[Work instruction] No pictures belong in the answer. Repeat all the entries exactly.
=== Record excerpts ===
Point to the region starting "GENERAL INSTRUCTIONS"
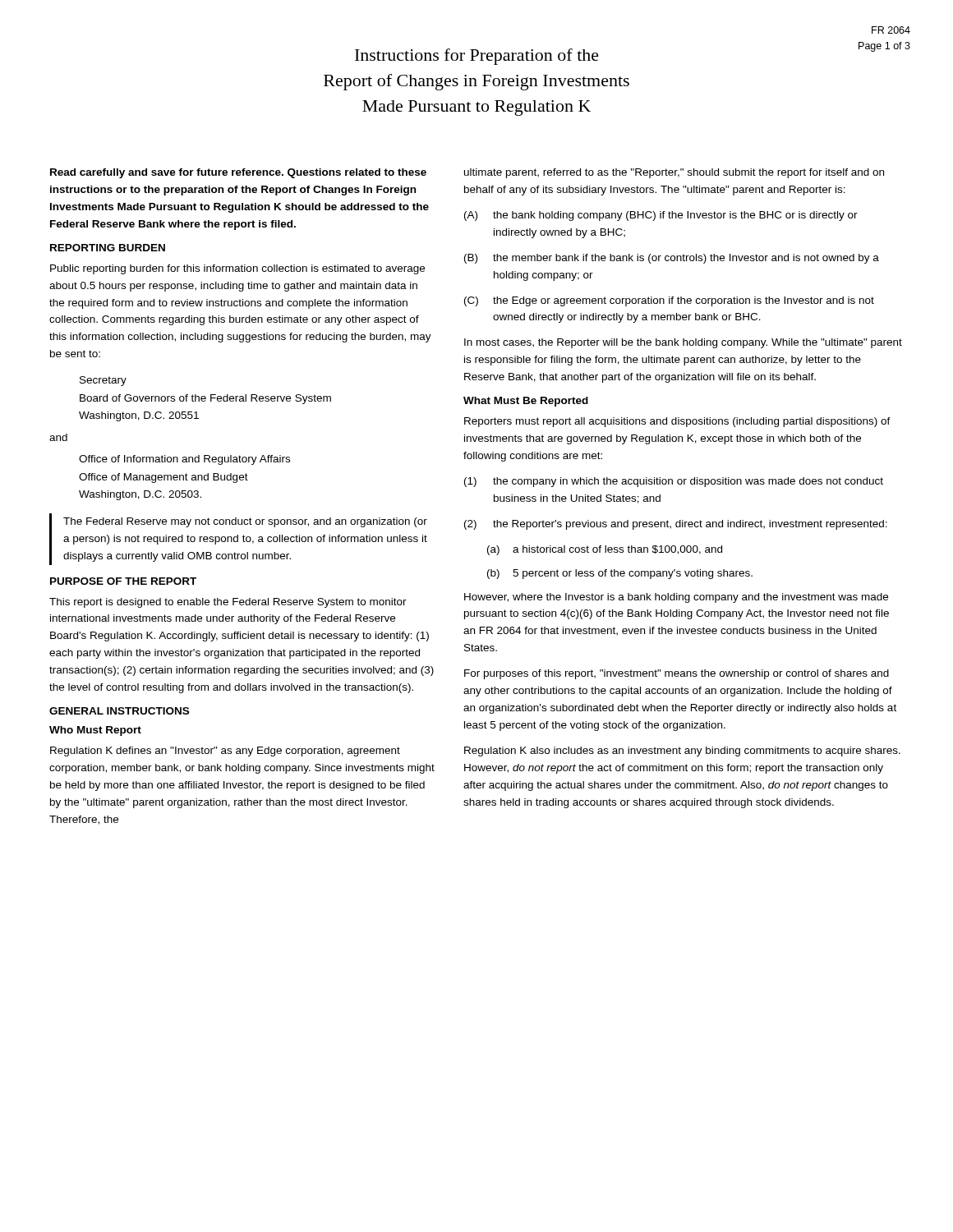Viewport: 953px width, 1232px height. pos(119,711)
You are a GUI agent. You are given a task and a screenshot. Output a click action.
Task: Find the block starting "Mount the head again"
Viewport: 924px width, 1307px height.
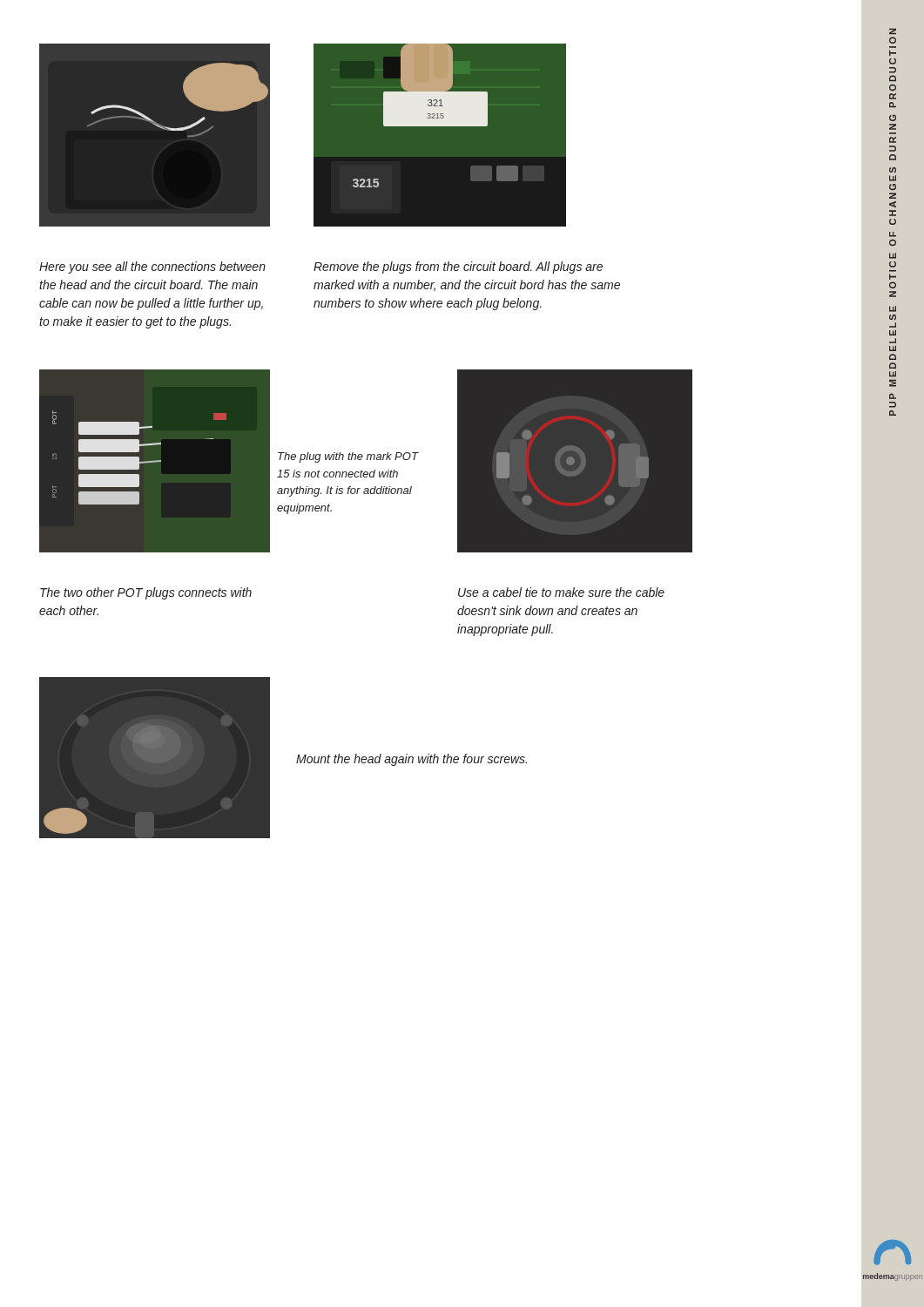(x=412, y=759)
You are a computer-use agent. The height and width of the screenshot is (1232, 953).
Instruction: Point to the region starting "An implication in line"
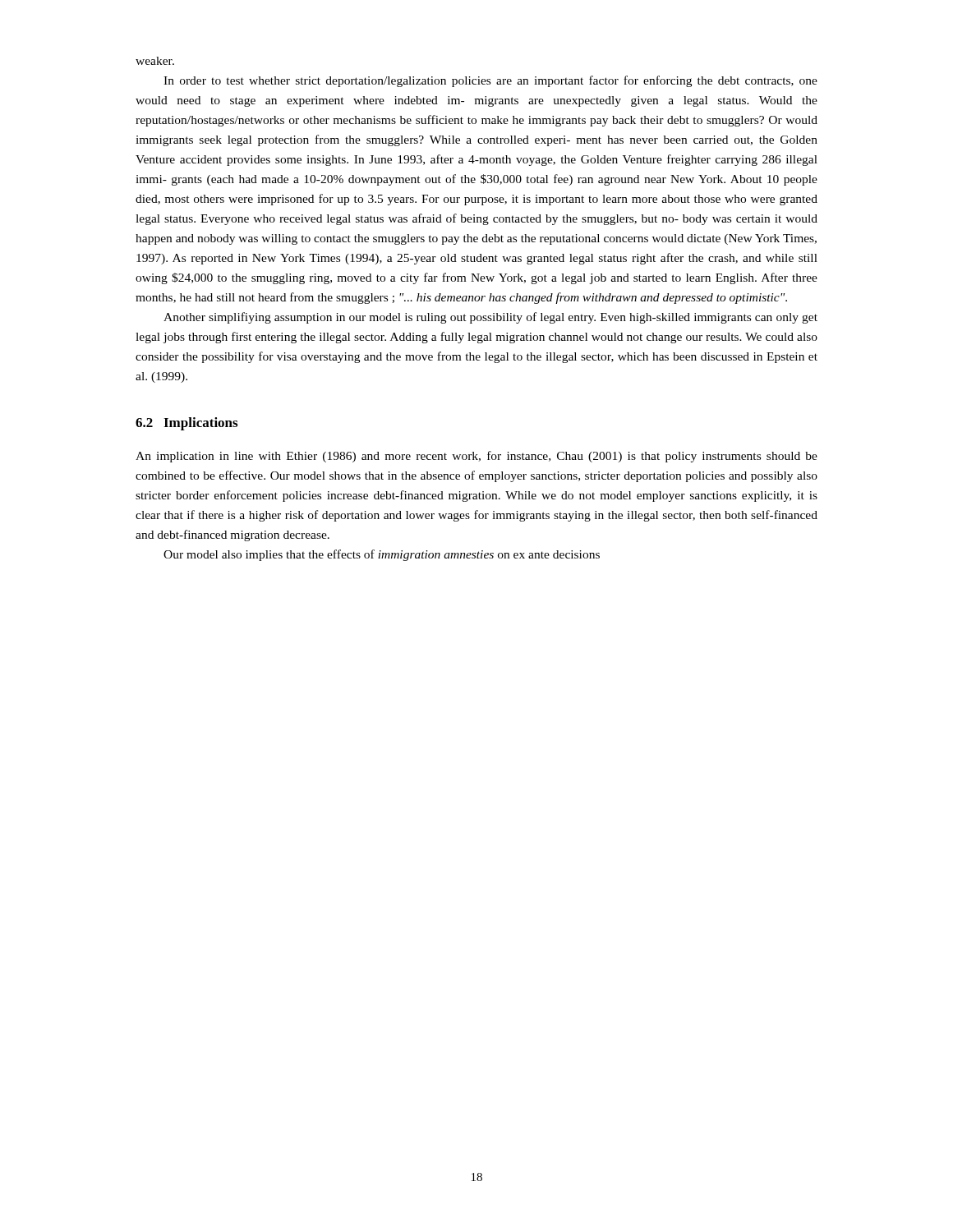tap(476, 505)
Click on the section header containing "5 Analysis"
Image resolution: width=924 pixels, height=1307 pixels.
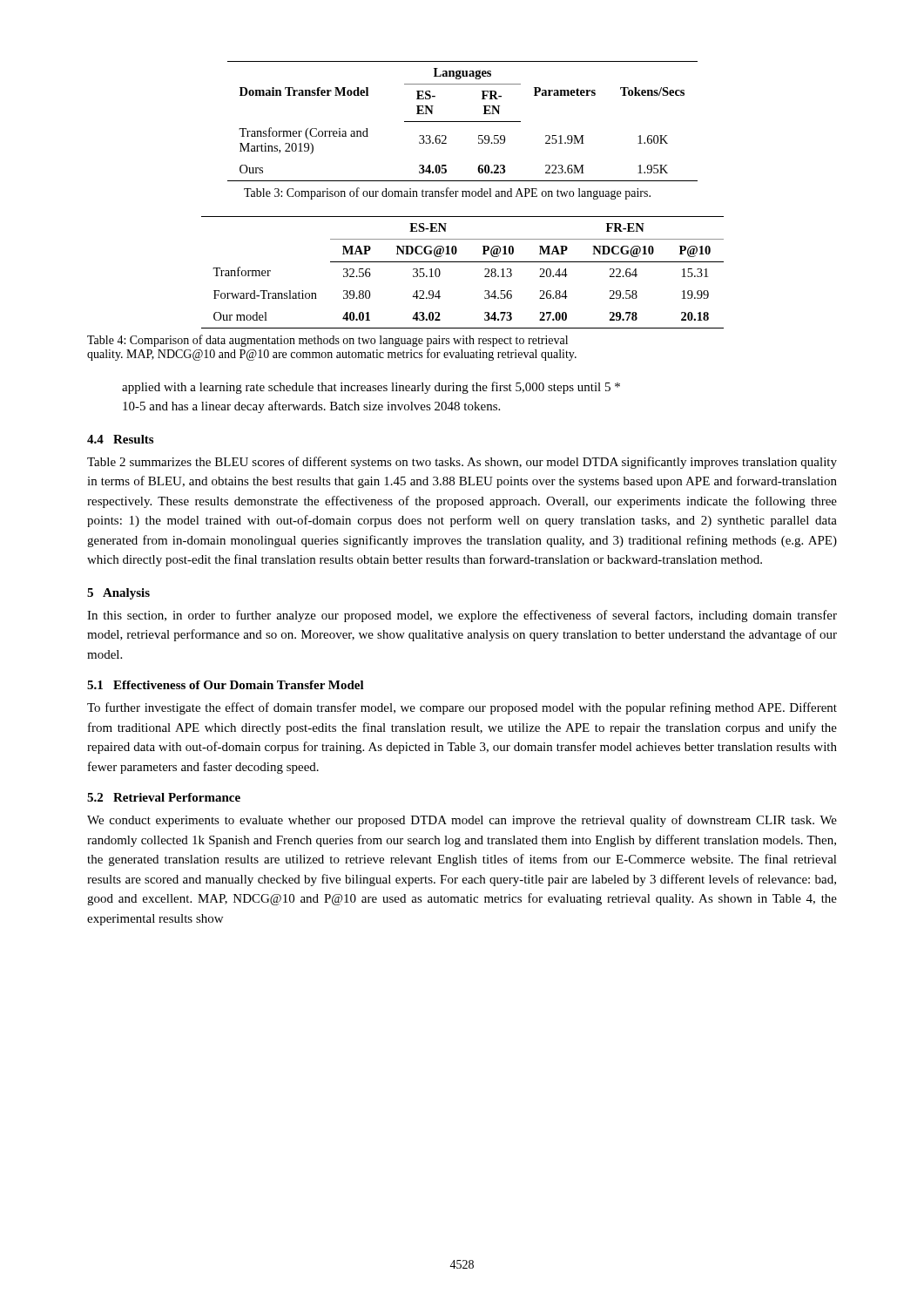119,592
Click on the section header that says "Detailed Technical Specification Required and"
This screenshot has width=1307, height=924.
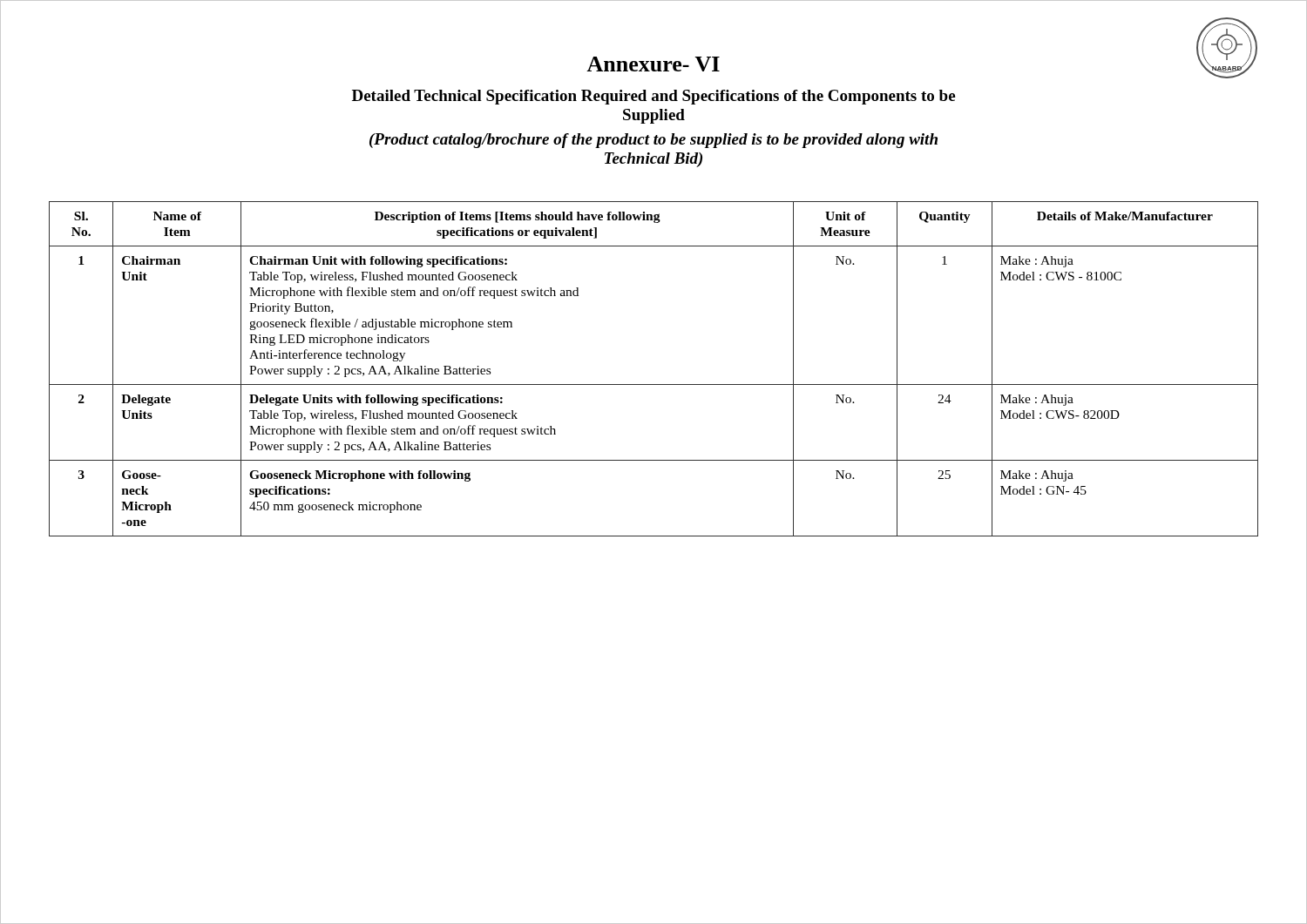[x=654, y=105]
===
[Solution to this task]
Point to the region starting "GENERAL INSTRUCTIONS"
Viewport: 953px width, 1232px height. pos(119,711)
You are a GUI agent. You are given a task and a screenshot. Output a click action.
Task: Find the block starting "Mount the head again"
Viewport: 924px width, 1307px height.
(x=412, y=759)
You are a computer-use agent. The height and width of the screenshot is (1232, 953).
Instruction: Point to the region starting "An implication in line"
tap(476, 505)
Click on the section header containing "5 Analysis"
Image resolution: width=924 pixels, height=1307 pixels.
119,592
Click on the section header that says "Detailed Technical Specification Required and"
This screenshot has width=1307, height=924.
[x=654, y=105]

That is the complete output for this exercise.